What it is & when to use it

A real repertoire is a population of clones with wildly uneven sizes: a few huge expanded clones and a long tail of singletons. clonal_repertoire reproduces that structure. For each of n_clones clones it:

  1. runs the pre-fork plan (recombine()) once to fix the clone's V/D/J + trim + NP backbone — the single rearrangement that defines the clone;
  2. draws a size from a heavy-tailed clone-size distribution (rounded power-law / Zipf-like by default, log-normal optional), with a controllable unexpanded-singleton fraction;
  3. emits that many reads through the post-fork library-prep / sequencing passes, so reads diverge only by technical noise;
  4. genotype-collapses identical reads into AIRR records, each carrying a clone_id (ground-truth clone label) and a duplicate_count (abundance).

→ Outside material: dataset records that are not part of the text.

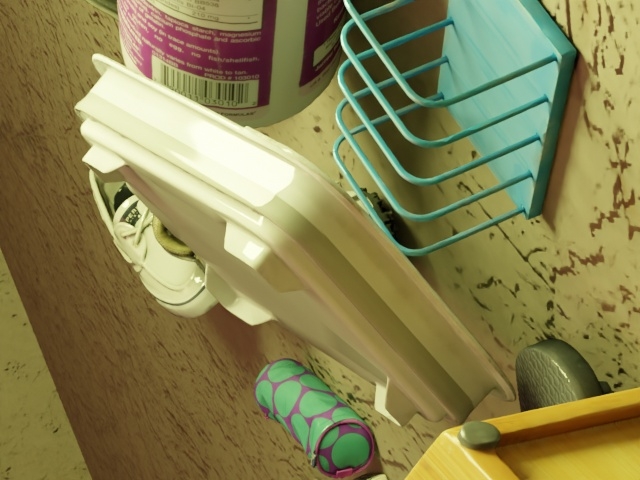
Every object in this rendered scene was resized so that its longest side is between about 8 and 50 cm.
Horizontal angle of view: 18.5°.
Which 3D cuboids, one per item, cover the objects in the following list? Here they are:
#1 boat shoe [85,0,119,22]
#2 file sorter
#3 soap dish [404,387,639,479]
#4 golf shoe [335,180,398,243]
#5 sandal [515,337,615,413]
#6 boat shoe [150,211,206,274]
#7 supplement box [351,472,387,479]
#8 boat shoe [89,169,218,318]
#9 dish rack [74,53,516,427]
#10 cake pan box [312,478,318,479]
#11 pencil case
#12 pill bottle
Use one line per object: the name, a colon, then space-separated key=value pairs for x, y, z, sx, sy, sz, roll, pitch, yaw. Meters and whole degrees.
boat shoe: x=-0.141 y=-0.205 z=1.752 sx=0.335 sy=0.095 sz=0.112 roll=44 pitch=152 yaw=52
file sorter: x=0.075 y=-0.088 z=1.230 sx=0.118 sy=0.104 sz=0.170 roll=57 pitch=160 yaw=28
soap dish: x=0.196 y=0.190 z=1.050 sx=0.291 sy=0.228 sz=0.118 roll=46 pitch=137 yaw=51
golf shoe: x=0.000 y=0.000 z=1.598 sx=0.198 sy=0.094 sz=0.077 roll=20 pitch=130 yaw=66
sandal: x=0.173 y=0.132 z=1.331 sx=0.254 sy=0.054 sz=0.097 roll=80 pitch=168 yaw=-65
boat shoe: x=-0.123 y=-0.026 z=1.935 sx=0.285 sy=0.092 sz=0.103 roll=37 pitch=146 yaw=59
supplement box: x=0.057 y=0.274 z=1.876 sx=0.098 sy=0.036 sz=0.062 roll=67 pitch=164 yaw=-2
boat shoe: x=-0.178 y=-0.014 z=2.093 sx=0.088 sy=0.096 sz=0.267 roll=39 pitch=-169 yaw=-37
dish rack: x=-0.035 y=0.010 z=1.392 sx=0.333 sy=0.072 sz=0.285 roll=30 pitch=167 yaw=50
cake pan box: x=-0.049 y=0.412 z=2.028 sx=0.267 sy=0.245 sz=0.070 roll=57 pitch=165 yaw=24
pencil case: x=-0.008 y=0.172 z=1.895 sx=0.151 sy=0.064 sz=0.070 roll=41 pitch=125 yaw=56
pill bottle: x=-0.059 y=-0.223 z=1.350 sx=0.169 sy=0.169 sz=0.301 roll=58 pitch=161 yaw=26

Reach for it when you want a repertoire whose ground truth is clone membership + abundance — the input clone-callers and abundance-aware tools expect — rather than a per-clone mutation genealogy.

How it compares

What it models Ground truth Loci
clonal_repertoire Non-tree clonal abundance; one rearrangement × N copies + technical noise clone_id + duplicate_count TCR and flat BCR
clonal_lineage BCR affinity-maturation trees (per-division SHM, selection) Lineage tree + per-cell records BCR only
expand_clones (deprecated) Star: fixed per_clone count, no size distribution clone_id + parent_id BCR / TCR

clonal_repertoire is the modern replacement for flat clonal expansion: instead of expand_clones' fixed per_clone count, every clone draws a realistic heavy-tailed size. For BCR lineage trees (genealogy, ancestral sequences, selection), use clonal_lineage instead.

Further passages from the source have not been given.